_WHAT IS BEING ASKED_: Every record is to be transcribed exactly as written.

_PROVIDED RECORDS_:
---*---
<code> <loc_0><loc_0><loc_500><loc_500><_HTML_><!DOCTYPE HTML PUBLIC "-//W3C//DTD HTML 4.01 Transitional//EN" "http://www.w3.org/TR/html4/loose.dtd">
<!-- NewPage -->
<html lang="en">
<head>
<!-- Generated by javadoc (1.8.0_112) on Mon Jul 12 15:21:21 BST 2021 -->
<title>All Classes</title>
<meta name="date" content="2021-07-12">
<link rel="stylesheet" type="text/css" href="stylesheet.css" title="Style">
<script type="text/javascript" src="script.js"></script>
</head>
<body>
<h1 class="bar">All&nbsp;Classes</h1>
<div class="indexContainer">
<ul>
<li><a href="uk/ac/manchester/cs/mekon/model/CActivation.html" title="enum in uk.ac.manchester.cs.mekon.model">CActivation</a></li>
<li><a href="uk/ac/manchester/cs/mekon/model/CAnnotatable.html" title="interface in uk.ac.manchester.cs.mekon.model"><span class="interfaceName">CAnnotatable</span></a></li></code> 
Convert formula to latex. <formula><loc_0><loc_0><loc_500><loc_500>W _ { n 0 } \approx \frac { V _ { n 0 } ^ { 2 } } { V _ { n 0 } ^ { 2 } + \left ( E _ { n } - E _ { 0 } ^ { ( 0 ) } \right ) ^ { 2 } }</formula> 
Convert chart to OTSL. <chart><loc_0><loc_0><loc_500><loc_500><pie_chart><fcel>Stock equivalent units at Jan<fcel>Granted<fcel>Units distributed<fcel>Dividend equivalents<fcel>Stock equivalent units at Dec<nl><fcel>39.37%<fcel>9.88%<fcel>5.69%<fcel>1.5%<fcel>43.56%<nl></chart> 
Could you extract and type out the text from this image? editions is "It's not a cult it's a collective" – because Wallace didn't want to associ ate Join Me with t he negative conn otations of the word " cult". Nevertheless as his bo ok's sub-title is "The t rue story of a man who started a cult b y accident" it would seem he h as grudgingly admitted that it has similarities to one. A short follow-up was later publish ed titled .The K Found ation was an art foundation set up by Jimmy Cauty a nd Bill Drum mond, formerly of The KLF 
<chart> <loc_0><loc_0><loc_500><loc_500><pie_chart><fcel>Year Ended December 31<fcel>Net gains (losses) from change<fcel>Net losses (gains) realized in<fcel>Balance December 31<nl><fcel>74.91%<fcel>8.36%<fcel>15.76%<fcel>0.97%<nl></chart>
---*---
_RESPONSE BOX_:
<code> <loc_0><loc_0><loc_500><loc_500><_HTML_><!DOCTYPE HTML PUBLIC "-//W3C//DTD HTML 4.01 Transitional//EN" "http://www.w3.org/TR/html4/loose.dtd">
<!-- NewPage -->
<html lang="en">
<head>
<!-- Generated by javadoc (1.8.0_112) on Mon Jul 12 15:21:21 BST 2021 -->
<title>All Classes</title>
<meta name="date" content="2021-07-12">
<link rel="stylesheet" type="text/css" href="stylesheet.css" title="Style">
<script type="text/javascript" src="script.js"></script>
</head>
<body>
<h1 class="bar">All&nbsp;Classes</h1>
<div class="indexContainer">
<ul>
<li><a href="uk/ac/manchester/cs/mekon/model/CActivation.html" title="enum in uk.ac.manchester.cs.mekon.model">CActivation</a></li>
<li><a href="uk/ac/manchester/cs/mekon/model/CAnnotatable.html" title="interface in uk.ac.manchester.cs.mekon.model"><span class="interfaceName">CAnnotatable</span></a></li></code> 
Convert formula to latex. <formula><loc_0><loc_0><loc_500><loc_500>W _ { n 0 } \approx \frac { V _ { n 0 } ^ { 2 } } { V _ { n 0 } ^ { 2 } + \left ( E _ { n } - E _ { 0 } ^ { ( 0 ) } \right ) ^ { 2 } }</formula> 
Convert chart to OTSL. <chart><loc_0><loc_0><loc_500><loc_500><pie_chart><fcel>Stock equivalent units at Jan<fcel>Granted<fcel>Units distributed<fcel>Dividend equivalents<fcel>Stock equivalent units at Dec<nl><fcel>39.37%<fcel>9.88%<fcel>5.69%<fcel>1.5%<fcel>43.56%<nl></chart> 
Could you extract and type out the text from this image? editions is "It's not a cult it's a collective" – because Wallace didn't want to associ ate Join Me with t he negative conn otations of the word " cult". Nevertheless as his bo ok's sub-title is "The t rue story of a man who started a cult b y accident" it would seem he h as grudgingly admitted that it has similarities to one. A short follow-up was later publish ed titled .The K Found ation was an art foundation set up by Jimmy Cauty a nd Bill Drum mond, formerly of The KLF 
<chart> <loc_0><loc_0><loc_500><loc_500><pie_chart><fcel>Year Ended December 31<fcel>Net gains (losses) from change<fcel>Net losses (gains) realized in<fcel>Balance December 31<nl><fcel>74.91%<fcel>8.36%<fcel>15.76%<fcel>0.97%<nl></chart>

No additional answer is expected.